Wie muss man sich denn die ideale Luftführung, also die Strömungsmuster, in einem typischen Klassenzimmer vorstellen?
Die turbulenzarme Verdrängungslüftung ist hinsichtlich Lüftungseffizienz der Turbulenten Mischlüftung, also dem Verdünnungslüftungsprinzip vorzuziehen. Lüftungstechnisch-konstruktiv ideal wäre also eine Quelllüftung. Dabei wird unbelastete Zuluft (frische, filtrierte Aussenluft) durch bodennah angeordnete Quelldurchlässe in den Raum eingebracht. Es bildet sich im Bodenbereich quasi ein Frischluftsee, dessen Luft an warmen Flächen und an den Menschen im Raum nach oben strömt. Qualitativ einwandfreie Aussenluft gelangt genau an die Orte, wo sie benötigt wird. Die aufströmende Luft nimmt dann ausgeatmete Viren, Feinstaub, Gerüche und auch CO2 mit. Die so belastete Luft wird dann an der Decke als Abluft dem Raum entnommen und ins Freie ausgeblasen. Allerdings ist auch hier Vorsicht geboten vor Abströmungen an kalten Aussenwänden oder Fensterfronten und Turbulenzen, die durch Bewegungen der Personen im Raum entstehen. Als Alternative und auch in vielen Fällen angewendet, kann eine richtig ausgelegte (Behaglichkeit, Lüftungseffizienz), turbulente Mischlüftung ebenfalls gute Resultate erzielen.

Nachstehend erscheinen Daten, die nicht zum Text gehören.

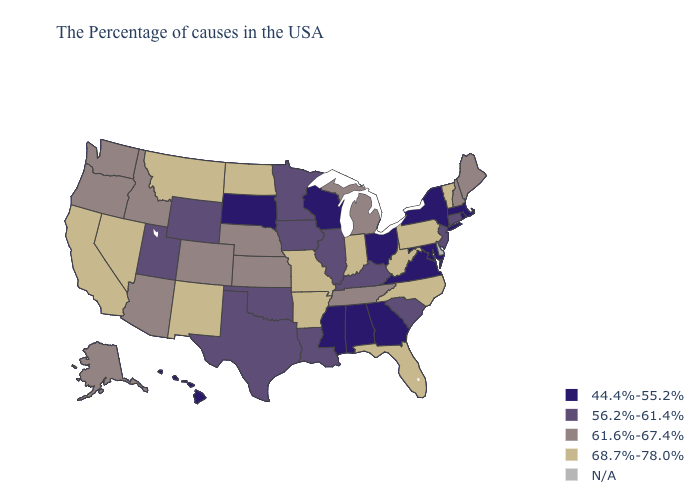Name the states that have a value in the range 68.7%-78.0%?
Give a very brief answer. Vermont, Pennsylvania, North Carolina, West Virginia, Florida, Indiana, Missouri, Arkansas, North Dakota, New Mexico, Montana, Nevada, California. How many symbols are there in the legend?
Keep it brief. 5. What is the lowest value in states that border Arkansas?
Short answer required. 44.4%-55.2%. What is the highest value in states that border Pennsylvania?
Quick response, please. 68.7%-78.0%. What is the lowest value in the USA?
Be succinct. 44.4%-55.2%. What is the lowest value in the USA?
Concise answer only. 44.4%-55.2%. Among the states that border Colorado , which have the lowest value?
Answer briefly. Oklahoma, Wyoming, Utah. Is the legend a continuous bar?
Keep it brief. No. Does the first symbol in the legend represent the smallest category?
Concise answer only. Yes. Which states have the lowest value in the MidWest?
Be succinct. Ohio, Wisconsin, South Dakota. How many symbols are there in the legend?
Answer briefly. 5. What is the highest value in the Northeast ?
Be succinct. 68.7%-78.0%. What is the value of Oklahoma?
Give a very brief answer. 56.2%-61.4%. Name the states that have a value in the range 56.2%-61.4%?
Short answer required. Connecticut, New Jersey, South Carolina, Kentucky, Illinois, Louisiana, Minnesota, Iowa, Oklahoma, Texas, Wyoming, Utah. What is the value of Delaware?
Quick response, please. N/A. 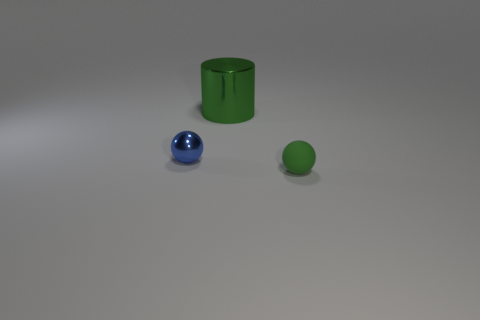Add 2 green matte spheres. How many objects exist? 5 Subtract all balls. How many objects are left? 1 Subtract 0 yellow spheres. How many objects are left? 3 Subtract all tiny brown blocks. Subtract all big things. How many objects are left? 2 Add 3 large green shiny things. How many large green shiny things are left? 4 Add 2 green matte things. How many green matte things exist? 3 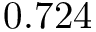<formula> <loc_0><loc_0><loc_500><loc_500>0 . 7 2 4</formula> 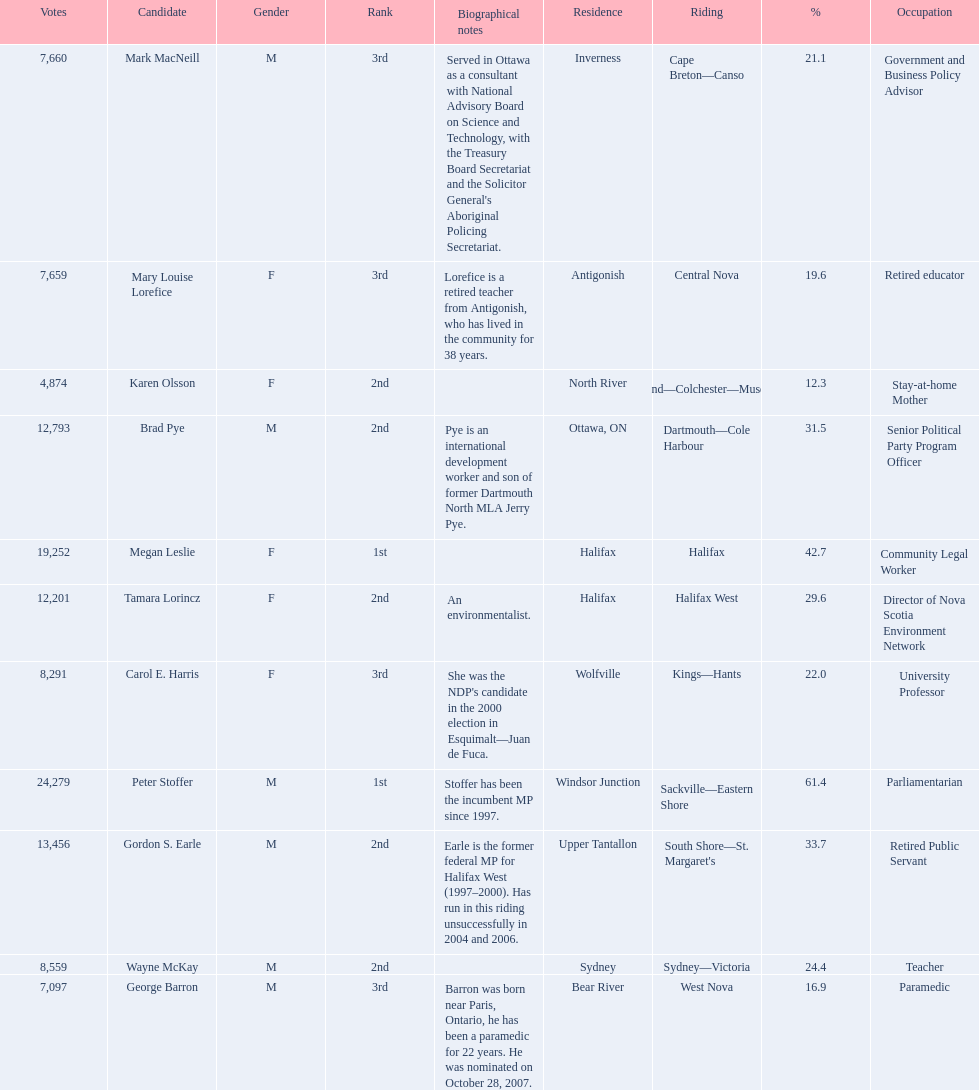What is the number of votes that megan leslie received? 19,252.

Pultauslässe sind in manchen Hörsälen von Hochschulen installiert worden. Doch in der Mehrzahl von Primar- und Sekundarschulen ist nicht einmal ein mechanisches Lüftungssystem eingebaut. Also müssen wir wieder über die Bedingungen sprechen, damit eine manuelle Lüftungsstrategie gut funktioniert.
Die Qualität der Innenraumluft in Schulzimmern ist abhängig von der Belegung. Man stelle sich ein Schulzimmer von ca. 64 m2 mit 30 Personen vor. Pro Sekunde und Schüler sollten ungefähr 7,5 Liter Aussenluft dem Raum zugeführt werden, also gut 800 m3/h, was in unserem Beispiel einem dreieinhalbfachen Luftwechsel entsprechen würde. Ist dies sichergestellt, so bleibt die CO2-Konzentration unter 1'000 ppm, was auf eine gute Innenraum-Luftqualität hinweist und auch über Stunden eine gute Lernatmosphäre ermöglicht. Die CO2-Konzentration stellt einen allgemein verlässlichen Indikator für die Belüftung von Innenräumen dar und kann auch einem Fensterlüftungskonzept zu Grunde gelegt werden.